ANALYSIS
The survey utitlised triangulation methods
The Anglo-Mysore Wars ended on May 1799, with Tipu Sultan’s end at Srirangapattana’s walls. This victory meant that British control of South India spread from coast to coast, with all threats eliminated. British leaders now realised that there was now the problem of measuring, charting and cataloguing the conquered land. Constructing lines of communication and infrastructure, map-making and assessing revenue depended on this. The fledgling British Raj’s very survival depended on measuring and charting India. British campaigns were well-planned affairs, using comprehensive knowledge of the land and people as force multipliers. With the land well-surveyed and measured to “inch-precision”, imperial control would be greatly enhanced. Such a feat would also turn India from a mystery into a well-understood entity – at least for ruling purposes. Reducing India to numbers, maps and schematics would be the ultimate victory of the scientific-minded and superior British race over India and her backward people: at least it seemed so for Britishers now gravitating towards Utilitarianism – and other theories and theologies of imperialism.

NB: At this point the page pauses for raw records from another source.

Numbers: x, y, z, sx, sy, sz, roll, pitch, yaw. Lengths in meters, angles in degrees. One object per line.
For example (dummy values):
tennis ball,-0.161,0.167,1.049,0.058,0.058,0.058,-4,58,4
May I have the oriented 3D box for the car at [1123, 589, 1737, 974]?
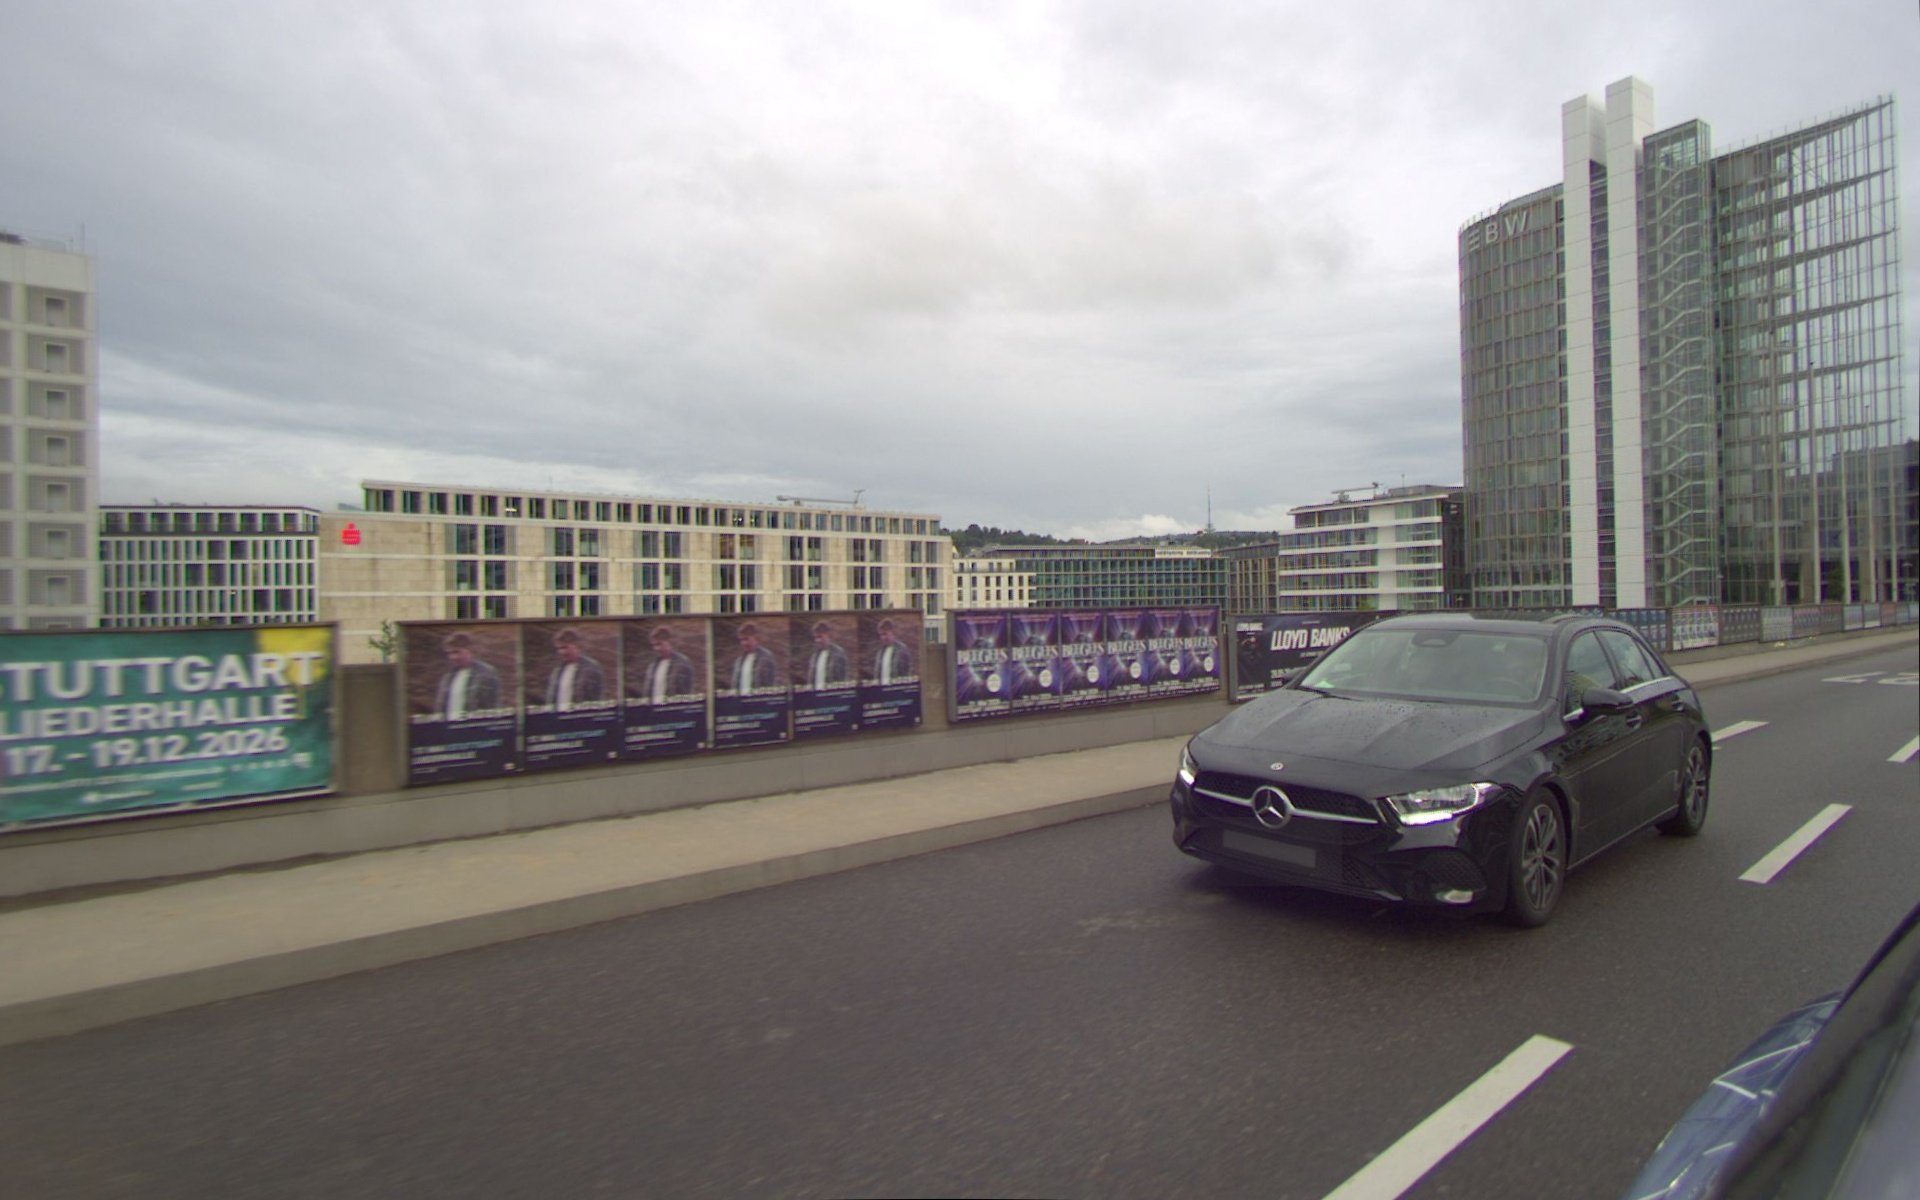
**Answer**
car,2.935,0.674,5.864,4.083,1.393,1.726,-2,1,-41

The great surveys of the subcontinent began with William Lambton, an officer with a scientific bent. Lambton came from humble origins and had no formal training in earth sciences or mathematics. He taught himself these disciplines after becoming partially blinded while studying an eclipse. Lambton had participated in assaulting Srirangapattana; before the battle he used celestial navigation to help the army surround Tipu Sultan’s forces. Lambton now proposed to survey the land using mathematical and geographical methods. After some deliberation, the authorities approved. While officers such as Col. Mackenzie, Hyne and Buchanan would conduct topographical, socio-political and natural surveys in India, Lambton was tasked with measuring India – an enterprise tolerating very little subjectivity and margin of error. After much preparation, the “Great Trigonometric Survey of India” commenced in 1802. This survey utilized new instruments and the “Triangulation method”, a method to compute the distance between three mutually visible reference points. Starting with a baseline of two measured points, the position of a third point could be quite accurately established. The two newly determined sides then became new baselines for further triangulations. Long chains of triangles soon shaped the maps of India. The first objective was to chart the “Great Indian Arc”, from Kanyakumari to the Himalayas. Using this arc as a central stem, other surveys could branch out to cover entire India.
This colossal enterprise needed thousands of people with a wide range of skills. Many institutions began to train young Indians to serve the Survey (and other colonial projects). In 1823, Lambton died on the job near Nagpur, after surveying nearly 425,000 sq. km. of India. His assistant, George Everest, a fellow mathematician and military surveyor, succeeded him. Everest’s modifications made surveying much easier. In 1831 a British professor of Hindu College Calcutta recommended a 19-year-old prodigy to Everest. This was Radhanath Sikdar, a brilliant mathematician and a co-founder of Derozio’s radical Young Bengal movement. Sikdar was recruited as a “computer” – one performing complex mathematical calculations manually. Soon Sikdar’s exploits won the respect of the British. Everest completed The Great Indian Arc and retired in 1843. His successor Andrew Waugh, yet another scientist-soldier, took the Survey forward. A few years later, Sikdar brought to Waugh interesting readings of a Himalayan mountain called “Peak XV”. Separate measurements marked this peak, locally called “Chomolungma”, as 29,000 feet tall — the tallest in the world! Waugh and Sikdar worked for years to corroborate the amazing finding before publicising this great discovery in 1853. Waugh named the peak “Mount Everest” to honour his predecessor. The Survey continued under Waugh’s successors and soon India was peppered with thousands of survey markers. Sikdar died in 1870, retiring early to teach math and perform social work.
In 1875, all surveys were amalgamated into the Survey of India. The enormous cost and difficulty of surveying India however made complete trigonometric survey impossible. Even though the British could not reduce India into bullet points, the Survey had measured and charted the subcontinent well enough to serve the empire. The existing grid of triangulation chains sufficed to realise colonial aims such as strategic buffers, lines of communications, commerce, and infrastructure. Today, such surveys heavily depend on satellites, aircraft, cameras, sensors, etc. relaying results to surveyors far away. However, ,for ultimate verification and analysis the endeavour still requires human surveyors on the ground, braving the unknown like their predecessors did.
PS: Perhaps the new frontier for “measuring” and understanding India is not geographic or biological. Perhaps it is in “reducing” and modelling India and her people through data mining, analytics, CCTV footages, and PAN-AADHAAR panopticons – for ostensibly better governance and services. May this difficult task turn out to be benevolent, and even more successful than the British surveys. Then again, as the saying goes, “the map is not always the territory”.